- Data listing -
※ ※ ※

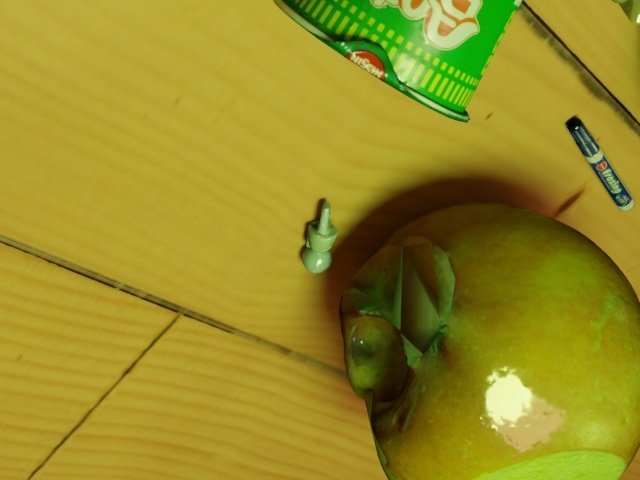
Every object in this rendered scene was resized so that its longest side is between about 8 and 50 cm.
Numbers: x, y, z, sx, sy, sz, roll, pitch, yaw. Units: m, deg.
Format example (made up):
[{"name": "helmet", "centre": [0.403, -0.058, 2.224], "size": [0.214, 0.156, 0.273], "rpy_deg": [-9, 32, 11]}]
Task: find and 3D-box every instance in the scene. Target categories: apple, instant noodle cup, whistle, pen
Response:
[{"name": "apple", "centre": [0.181, 0.148, 1.070], "size": [0.374, 0.374, 0.384], "rpy_deg": [21, 101, -40]}, {"name": "instant noodle cup", "centre": [0.105, -0.248, 0.788], "size": [0.207, 0.207, 0.233], "rpy_deg": [19, 112, -40]}, {"name": "whistle", "centre": [0.000, 0.000, 1.069], "size": [0.035, 0.035, 0.100], "rpy_deg": [-8, 131, -23]}, {"name": "pen", "centre": [0.355, -0.093, 1.186], "size": [0.025, 0.025, 0.204], "rpy_deg": [-40, 137, 10]}]

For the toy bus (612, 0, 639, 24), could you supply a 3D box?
[{"name": "toy bus", "centre": [0.317, -0.358, 0.759], "size": [0.177, 0.202, 0.365], "rpy_deg": [4, 131, -8]}]
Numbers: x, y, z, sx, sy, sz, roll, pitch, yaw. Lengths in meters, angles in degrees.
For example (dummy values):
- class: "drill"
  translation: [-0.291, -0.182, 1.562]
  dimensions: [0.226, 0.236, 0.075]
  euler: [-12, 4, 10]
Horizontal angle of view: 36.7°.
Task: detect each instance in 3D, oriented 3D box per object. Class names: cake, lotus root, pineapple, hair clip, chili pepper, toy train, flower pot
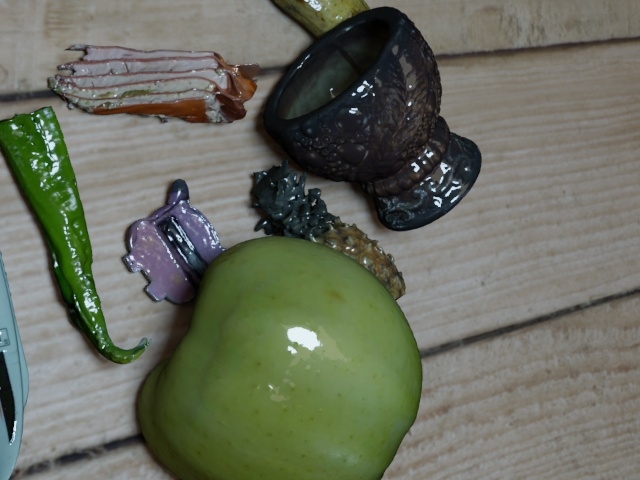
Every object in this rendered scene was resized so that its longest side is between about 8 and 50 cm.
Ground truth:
- class: "cake"
  translation: [-0.233, -0.214, 1.358]
  dimensions: [0.288, 0.135, 0.098]
  euler: [4, 83, -11]
- class: "lotus root"
  translation: [0.015, -0.371, 1.527]
  dimensions: [0.258, 0.097, 0.110]
  euler: [36, 61, -25]
- class: "pineapple"
  translation: [0.000, 0.000, 1.414]
  dimensions: [0.158, 0.158, 0.278]
  euler: [-38, 97, -31]
- class: "hair clip"
  translation: [-0.191, 0.026, 1.355]
  dimensions: [0.146, 0.056, 0.187]
  euler: [-42, 94, -29]
- class: "chili pepper"
  translation: [-0.324, -0.003, 1.260]
  dimensions: [0.085, 0.076, 0.358]
  euler: [-23, 89, -13]
- class: "toy train"
  translation: [-0.418, 0.108, 1.178]
  dimensions: [0.088, 0.086, 0.406]
  euler: [-12, 87, -38]
- class: "flower pot"
  translation: [0.094, -0.167, 1.447]
  dimensions: [0.267, 0.267, 0.266]
  euler: [45, 61, -27]

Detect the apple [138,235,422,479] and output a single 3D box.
- class: "apple"
  translation: [-0.032, 0.195, 1.300]
  dimensions: [0.360, 0.320, 0.311]
  euler: [27, 48, -16]
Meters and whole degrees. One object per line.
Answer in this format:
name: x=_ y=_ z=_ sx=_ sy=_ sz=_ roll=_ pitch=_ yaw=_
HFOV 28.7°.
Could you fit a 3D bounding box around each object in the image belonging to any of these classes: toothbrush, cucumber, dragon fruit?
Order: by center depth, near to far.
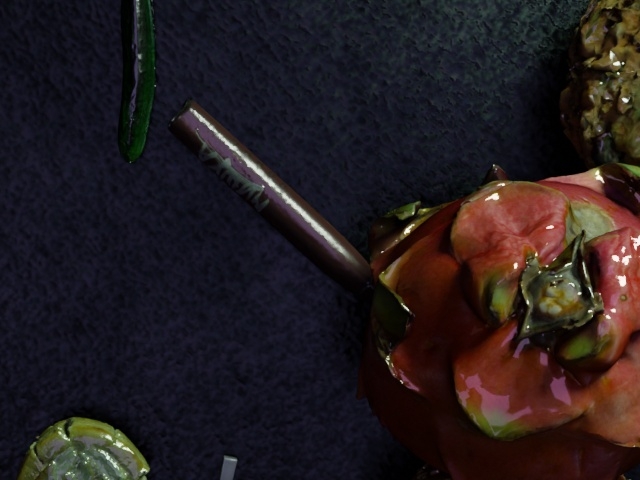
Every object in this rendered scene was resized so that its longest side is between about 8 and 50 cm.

※ ※ ※

- What the task asks -
Note how many lines in the data above have the string "instance" in them, and give that number by itself.

- Result below -
2